(Saved entries)
■ ■ ■

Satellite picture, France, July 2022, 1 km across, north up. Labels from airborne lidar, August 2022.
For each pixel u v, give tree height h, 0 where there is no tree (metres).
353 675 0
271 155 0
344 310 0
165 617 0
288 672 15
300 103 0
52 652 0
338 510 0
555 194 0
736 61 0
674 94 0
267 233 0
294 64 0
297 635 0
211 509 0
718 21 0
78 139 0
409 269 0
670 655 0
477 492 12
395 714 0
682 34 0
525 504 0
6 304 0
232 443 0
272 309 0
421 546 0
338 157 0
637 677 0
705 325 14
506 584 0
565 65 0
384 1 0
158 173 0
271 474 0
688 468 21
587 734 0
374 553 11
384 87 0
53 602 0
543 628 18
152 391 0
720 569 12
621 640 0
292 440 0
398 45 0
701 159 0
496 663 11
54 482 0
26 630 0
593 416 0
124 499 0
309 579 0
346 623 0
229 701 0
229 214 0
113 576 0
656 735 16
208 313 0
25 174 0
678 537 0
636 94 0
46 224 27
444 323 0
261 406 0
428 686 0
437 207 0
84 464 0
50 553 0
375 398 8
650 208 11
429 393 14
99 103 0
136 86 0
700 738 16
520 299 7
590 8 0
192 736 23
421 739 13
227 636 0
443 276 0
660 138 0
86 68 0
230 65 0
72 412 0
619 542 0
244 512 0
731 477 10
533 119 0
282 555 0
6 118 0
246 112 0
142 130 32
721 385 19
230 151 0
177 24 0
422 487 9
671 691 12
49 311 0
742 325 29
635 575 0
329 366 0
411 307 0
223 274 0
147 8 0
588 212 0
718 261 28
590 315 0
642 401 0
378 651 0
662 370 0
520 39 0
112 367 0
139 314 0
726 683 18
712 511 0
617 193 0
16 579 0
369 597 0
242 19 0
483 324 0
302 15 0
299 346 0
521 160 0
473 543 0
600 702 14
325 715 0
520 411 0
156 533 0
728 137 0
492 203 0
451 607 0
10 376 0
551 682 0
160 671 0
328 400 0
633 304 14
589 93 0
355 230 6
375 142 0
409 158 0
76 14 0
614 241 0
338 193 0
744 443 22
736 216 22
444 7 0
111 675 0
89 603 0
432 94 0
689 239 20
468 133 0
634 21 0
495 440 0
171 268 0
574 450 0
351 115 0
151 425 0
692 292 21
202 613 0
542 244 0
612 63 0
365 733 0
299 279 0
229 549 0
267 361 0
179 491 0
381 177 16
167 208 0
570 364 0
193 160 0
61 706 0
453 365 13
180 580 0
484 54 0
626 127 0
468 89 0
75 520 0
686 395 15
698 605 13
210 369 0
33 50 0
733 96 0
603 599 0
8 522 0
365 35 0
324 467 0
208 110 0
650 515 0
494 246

■ ■ ■

Task statement
The task calls for all the records above to be repeated exactly.

Output for this task
Satellite picture, France, July 2022, 1 km across, north up. Labels from airborne lidar, August 2022.
For each pixel u v, give tree height h, 0 where there is no tree (metres).
353 675 0
271 155 0
344 310 0
165 617 0
288 672 15
300 103 0
52 652 0
338 510 0
555 194 0
736 61 0
674 94 0
267 233 0
294 64 0
297 635 0
211 509 0
718 21 0
78 139 0
409 269 0
670 655 0
477 492 12
395 714 0
682 34 0
525 504 0
6 304 0
232 443 0
272 309 0
421 546 0
338 157 0
637 677 0
705 325 14
506 584 0
565 65 0
384 1 0
158 173 0
271 474 0
688 468 21
587 734 0
374 553 11
384 87 0
53 602 0
543 628 18
152 391 0
720 569 12
621 640 0
292 440 0
398 45 0
701 159 0
496 663 11
54 482 0
26 630 0
593 416 0
124 499 0
309 579 0
346 623 0
229 701 0
229 214 0
113 576 0
656 735 16
208 313 0
25 174 0
678 537 0
636 94 0
46 224 27
444 323 0
261 406 0
428 686 0
437 207 0
84 464 0
50 553 0
375 398 8
650 208 11
429 393 14
99 103 0
136 86 0
700 738 16
520 299 7
590 8 0
192 736 23
421 739 13
227 636 0
443 276 0
660 138 0
86 68 0
230 65 0
72 412 0
619 542 0
244 512 0
731 477 10
533 119 0
282 555 0
6 118 0
246 112 0
142 130 32
721 385 19
230 151 0
177 24 0
422 487 9
671 691 12
49 311 0
742 325 29
635 575 0
329 366 0
411 307 0
223 274 0
147 8 0
588 212 0
718 261 28
590 315 0
642 401 0
378 651 0
662 370 0
520 39 0
112 367 0
139 314 0
726 683 18
712 511 0
617 193 0
16 579 0
369 597 0
242 19 0
483 324 0
302 15 0
299 346 0
521 160 0
473 543 0
600 702 14
325 715 0
520 411 0
156 533 0
728 137 0
492 203 0
451 607 0
10 376 0
551 682 0
160 671 0
328 400 0
633 304 14
589 93 0
355 230 6
375 142 0
409 158 0
76 14 0
614 241 0
338 193 0
744 443 22
736 216 22
444 7 0
111 675 0
89 603 0
432 94 0
689 239 20
468 133 0
634 21 0
495 440 0
171 268 0
574 450 0
351 115 0
151 425 0
692 292 21
202 613 0
542 244 0
612 63 0
365 733 0
299 279 0
229 549 0
267 361 0
179 491 0
381 177 16
167 208 0
570 364 0
193 160 0
61 706 0
453 365 13
180 580 0
484 54 0
626 127 0
468 89 0
75 520 0
686 395 15
698 605 13
210 369 0
33 50 0
733 96 0
603 599 0
8 522 0
365 35 0
324 467 0
208 110 0
650 515 0
494 246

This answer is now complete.